(Excerpts from a dataset):
________________________________________

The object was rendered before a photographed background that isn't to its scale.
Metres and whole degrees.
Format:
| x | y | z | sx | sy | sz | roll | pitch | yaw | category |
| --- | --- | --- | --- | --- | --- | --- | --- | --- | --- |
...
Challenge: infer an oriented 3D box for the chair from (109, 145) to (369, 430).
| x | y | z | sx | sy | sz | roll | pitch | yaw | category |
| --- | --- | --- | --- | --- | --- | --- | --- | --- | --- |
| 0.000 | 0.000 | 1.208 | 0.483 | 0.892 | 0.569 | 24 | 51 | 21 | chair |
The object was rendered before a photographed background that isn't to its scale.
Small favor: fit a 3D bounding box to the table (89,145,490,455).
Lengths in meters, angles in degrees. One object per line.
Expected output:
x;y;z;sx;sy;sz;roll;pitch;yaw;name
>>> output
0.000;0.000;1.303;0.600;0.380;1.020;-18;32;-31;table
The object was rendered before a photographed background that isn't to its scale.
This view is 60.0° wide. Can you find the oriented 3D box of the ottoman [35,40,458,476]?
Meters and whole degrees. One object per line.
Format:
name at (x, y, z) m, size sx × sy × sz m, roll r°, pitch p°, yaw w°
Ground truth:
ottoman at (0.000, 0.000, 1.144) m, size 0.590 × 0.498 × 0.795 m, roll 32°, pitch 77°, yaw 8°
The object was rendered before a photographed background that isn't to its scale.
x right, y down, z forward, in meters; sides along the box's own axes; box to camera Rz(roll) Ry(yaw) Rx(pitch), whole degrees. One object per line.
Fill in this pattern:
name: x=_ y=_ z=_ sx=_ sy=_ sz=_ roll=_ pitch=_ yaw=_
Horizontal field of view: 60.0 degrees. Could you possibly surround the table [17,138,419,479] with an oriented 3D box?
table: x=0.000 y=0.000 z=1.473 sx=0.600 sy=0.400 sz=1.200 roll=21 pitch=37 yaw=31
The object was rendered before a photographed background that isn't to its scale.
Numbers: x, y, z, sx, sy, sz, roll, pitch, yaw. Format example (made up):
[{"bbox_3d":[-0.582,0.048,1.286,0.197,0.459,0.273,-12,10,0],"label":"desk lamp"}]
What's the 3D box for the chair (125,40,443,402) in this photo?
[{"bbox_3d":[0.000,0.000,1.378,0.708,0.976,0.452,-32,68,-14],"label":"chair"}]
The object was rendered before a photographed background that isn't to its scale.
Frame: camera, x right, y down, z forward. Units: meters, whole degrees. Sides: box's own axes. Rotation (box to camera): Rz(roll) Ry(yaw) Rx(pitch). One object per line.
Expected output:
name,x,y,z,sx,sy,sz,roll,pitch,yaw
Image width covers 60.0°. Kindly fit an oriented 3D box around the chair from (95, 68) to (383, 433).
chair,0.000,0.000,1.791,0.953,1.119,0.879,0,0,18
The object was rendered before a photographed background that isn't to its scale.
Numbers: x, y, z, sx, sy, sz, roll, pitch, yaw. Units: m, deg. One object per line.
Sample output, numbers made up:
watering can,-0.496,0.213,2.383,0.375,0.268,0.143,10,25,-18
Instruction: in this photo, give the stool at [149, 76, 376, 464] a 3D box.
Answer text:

________________________________________

Lines in the data that include the word "camera" should all be copied.

(YOUR RESPONSE):
x right, y down, z forward, in meters; sides along the box's own axes; box to camera Rz(roll) Ry(yaw) Rx(pitch), whole degrees. One object per line.
Frame: camera, x right, y down, z forward. Units: meters, whole degrees. Sides: box's own axes. Rotation (box to camera): Rz(roll) Ry(yaw) Rx(pitch). One object per line.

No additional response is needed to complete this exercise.